Dataset entries:
==*==

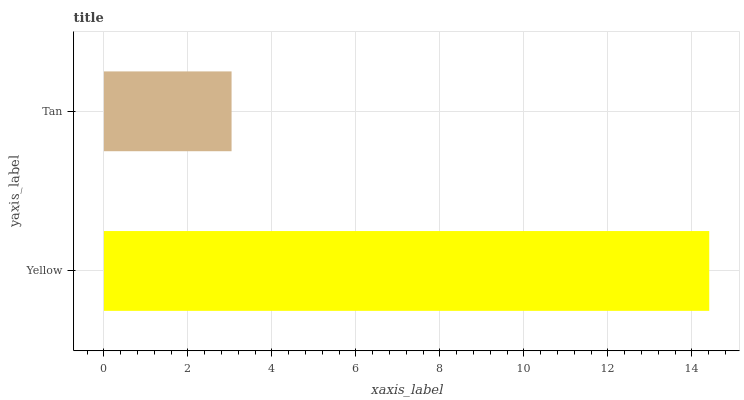Is Tan the minimum?
Answer yes or no. Yes. Is Yellow the maximum?
Answer yes or no. Yes. Is Tan the maximum?
Answer yes or no. No. Is Yellow greater than Tan?
Answer yes or no. Yes. Is Tan less than Yellow?
Answer yes or no. Yes. Is Tan greater than Yellow?
Answer yes or no. No. Is Yellow less than Tan?
Answer yes or no. No. Is Yellow the high median?
Answer yes or no. Yes. Is Tan the low median?
Answer yes or no. Yes. Is Tan the high median?
Answer yes or no. No. Is Yellow the low median?
Answer yes or no. No. 
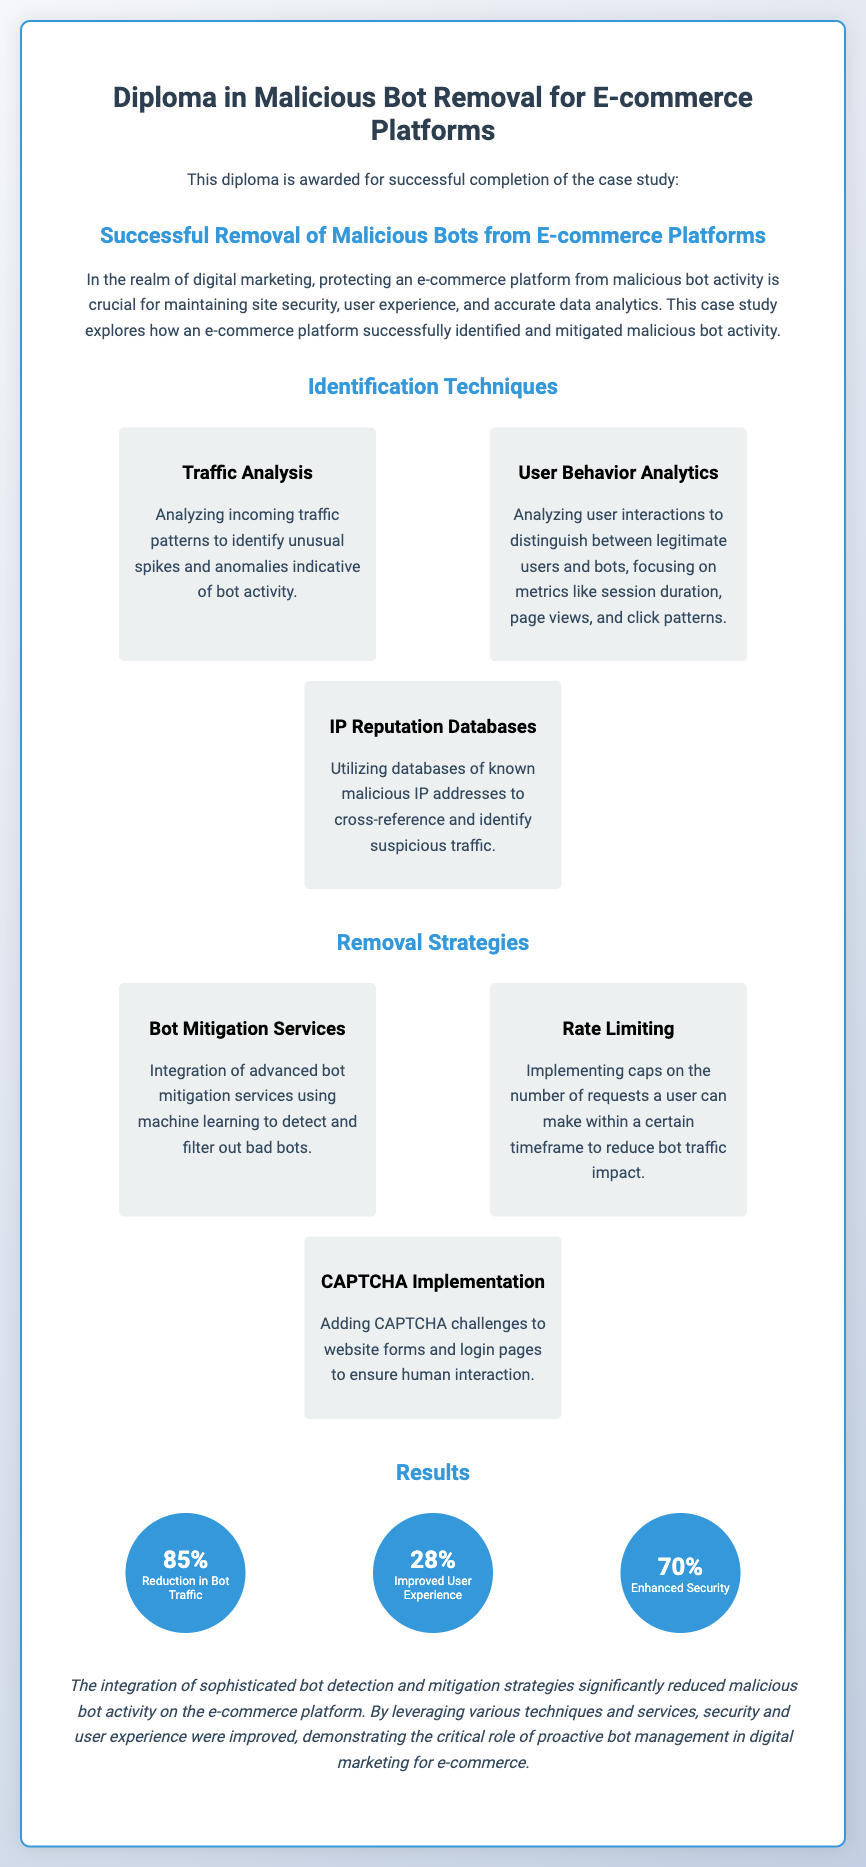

==*==

TASK TO COMPLETE: In the records above, find the line that contains "Answer yes or no. No. Is Yellow the high". Print it and every later line exactly, omitting the pictures.

EXERCISE RESPONSE:
Answer yes or no. No. Is Yellow the high median?
Answer yes or no. Yes. Is Tan the low median?
Answer yes or no. Yes. Is Tan the high median?
Answer yes or no. No. Is Yellow the low median?
Answer yes or no. No. 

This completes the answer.